THE RECORDS
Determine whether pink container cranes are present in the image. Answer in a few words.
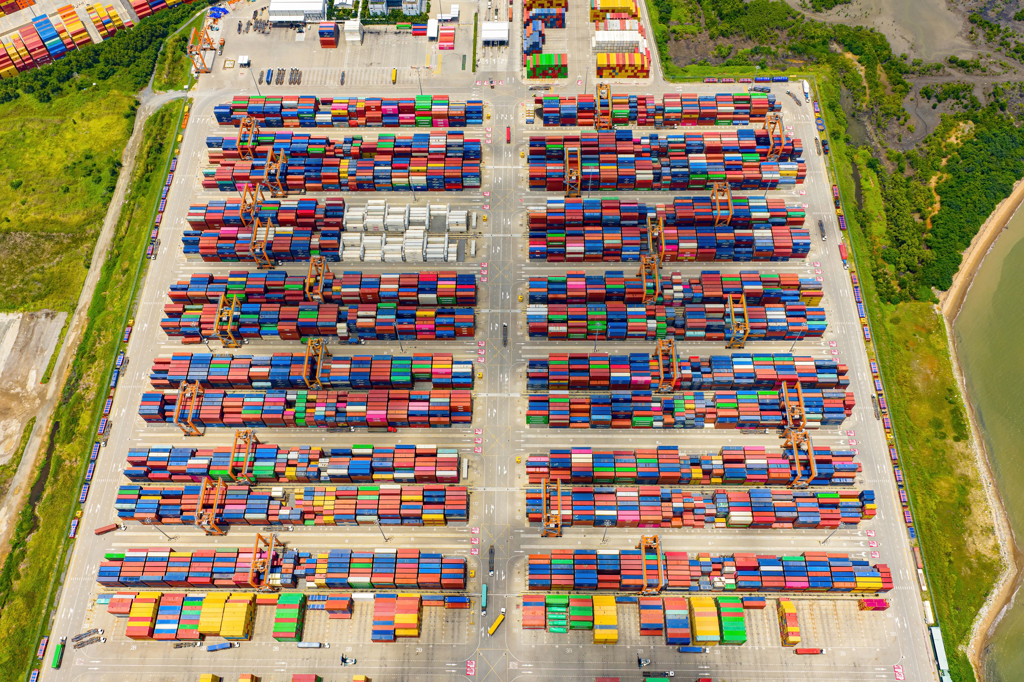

--

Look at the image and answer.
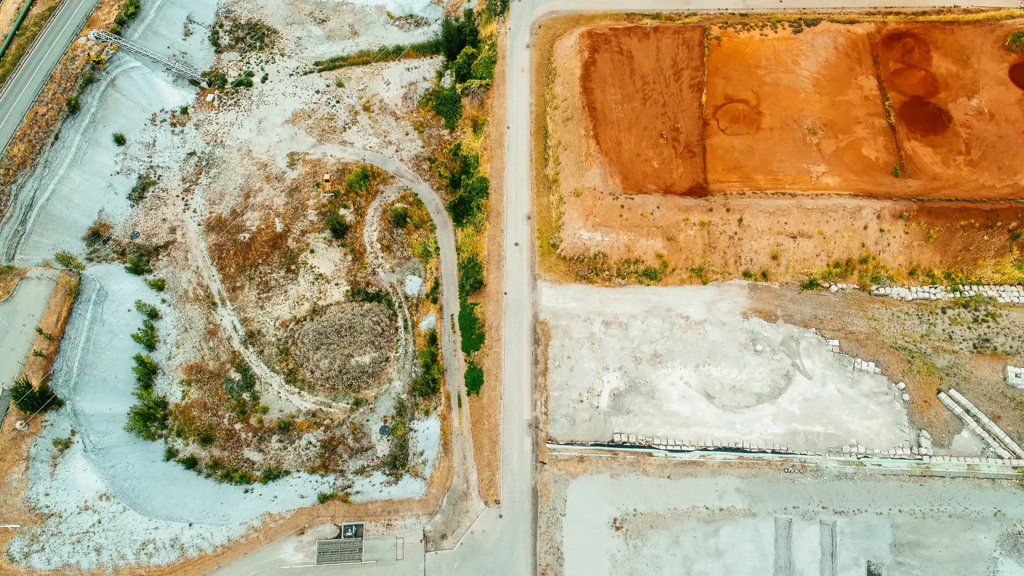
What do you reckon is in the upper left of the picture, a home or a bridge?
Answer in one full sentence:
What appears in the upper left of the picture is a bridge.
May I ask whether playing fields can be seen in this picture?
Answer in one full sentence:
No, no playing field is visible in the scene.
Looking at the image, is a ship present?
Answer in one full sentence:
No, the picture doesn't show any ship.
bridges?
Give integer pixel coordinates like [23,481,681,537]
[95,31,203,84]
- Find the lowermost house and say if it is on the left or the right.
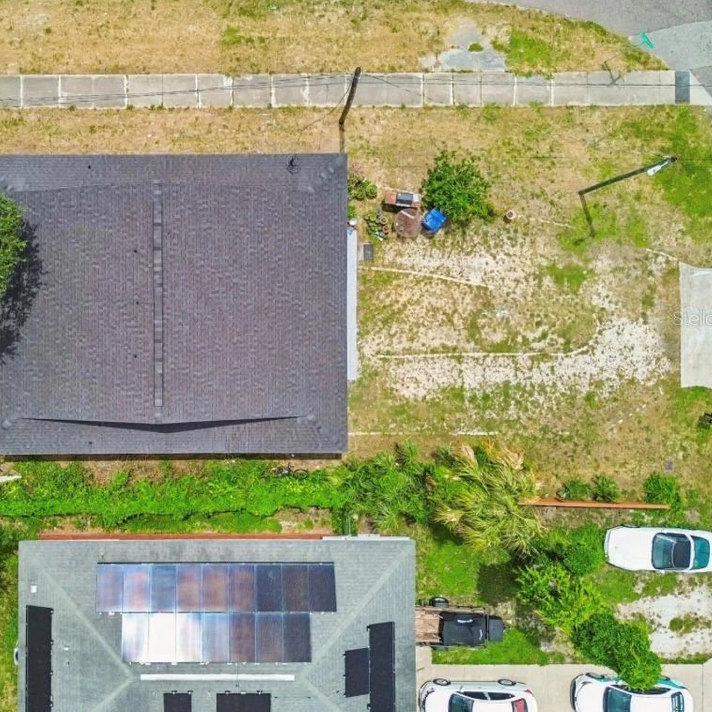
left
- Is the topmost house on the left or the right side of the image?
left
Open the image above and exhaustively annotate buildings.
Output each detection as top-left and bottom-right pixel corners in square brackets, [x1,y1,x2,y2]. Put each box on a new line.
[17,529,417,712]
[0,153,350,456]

ASSIGNMENT
Copy out each line from the listing that contains the string "present".

EXERCISE OUTPUT
Determine whether pink container cranes are present in the image. Answer in a few words.
Looking at the image, is a ship present?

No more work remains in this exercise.